(Stored items)
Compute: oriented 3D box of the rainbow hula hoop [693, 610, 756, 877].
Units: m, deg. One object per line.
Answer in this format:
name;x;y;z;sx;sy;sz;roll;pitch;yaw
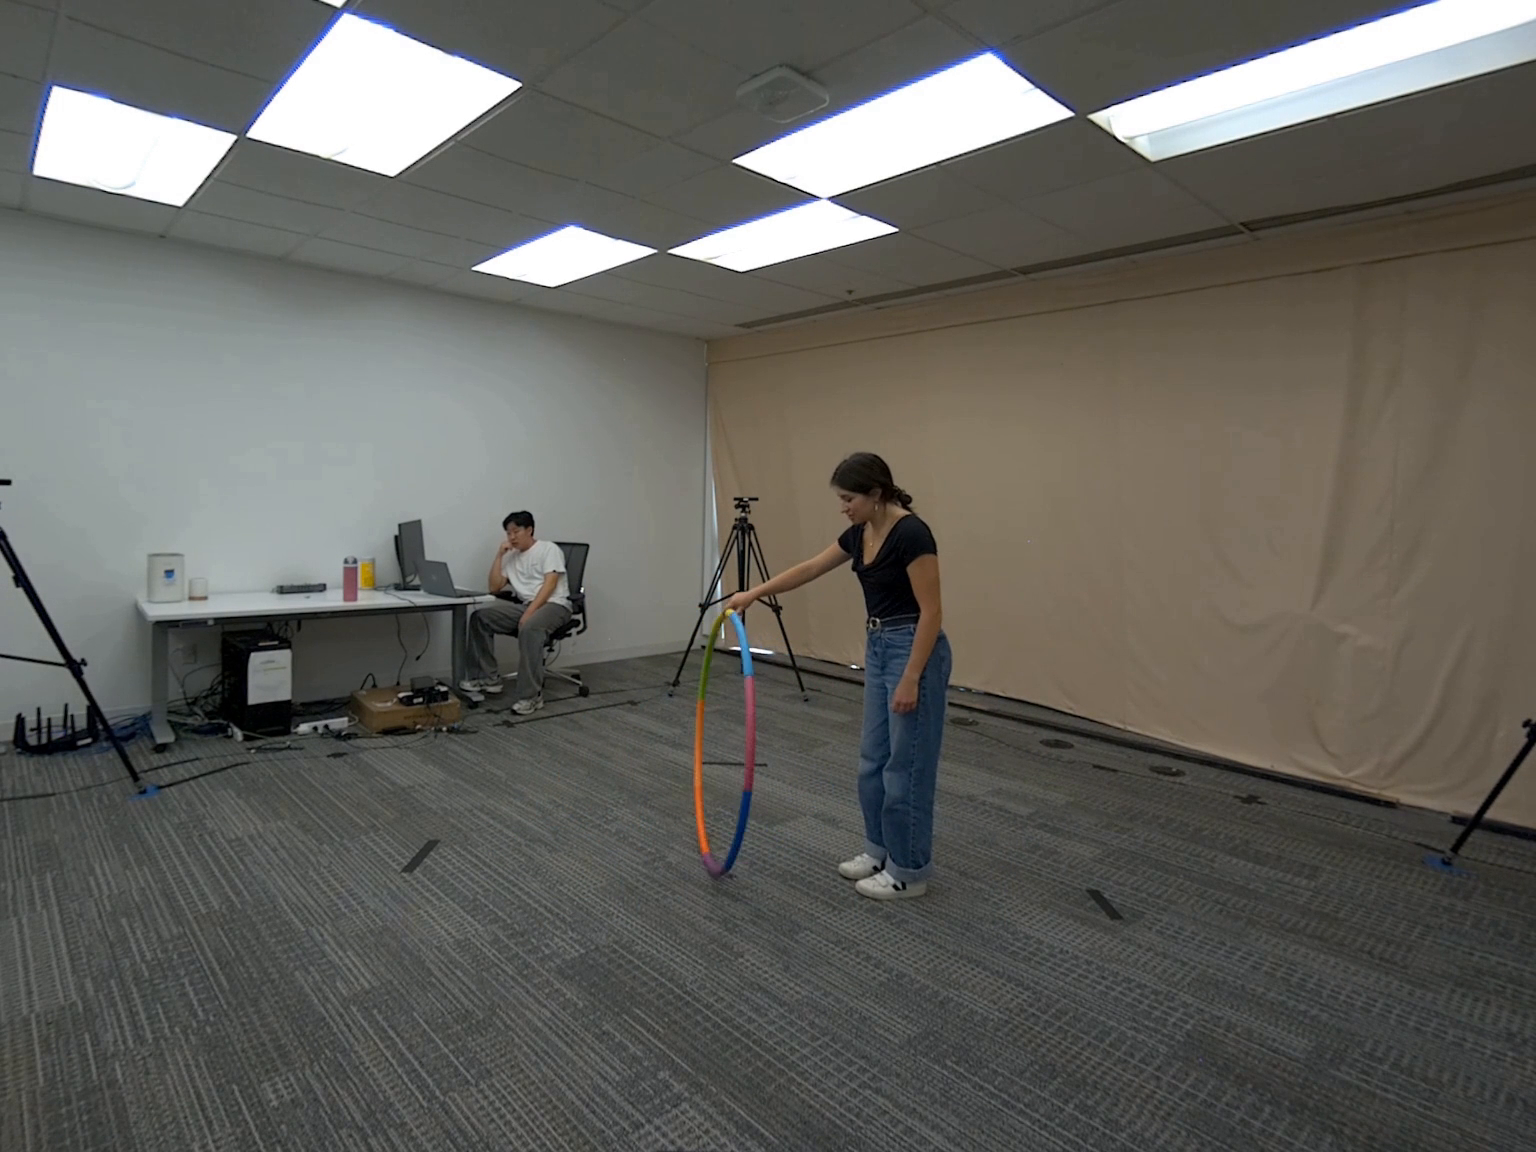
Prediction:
rainbow hula hoop;-0.191;0.621;3.185;0.035;0.977;0.991;5;3;-14

| Directions for this task |
Here the job is to print the data above exactly, except for any pictures.

| Response to this task |
Compute: oriented 3D box of the rainbow hula hoop [693, 610, 756, 877].
Units: m, deg. One object per line.
Answer in this format:
name;x;y;z;sx;sy;sz;roll;pitch;yaw
Prediction:
rainbow hula hoop;-0.191;0.621;3.185;0.035;0.977;0.991;5;3;-14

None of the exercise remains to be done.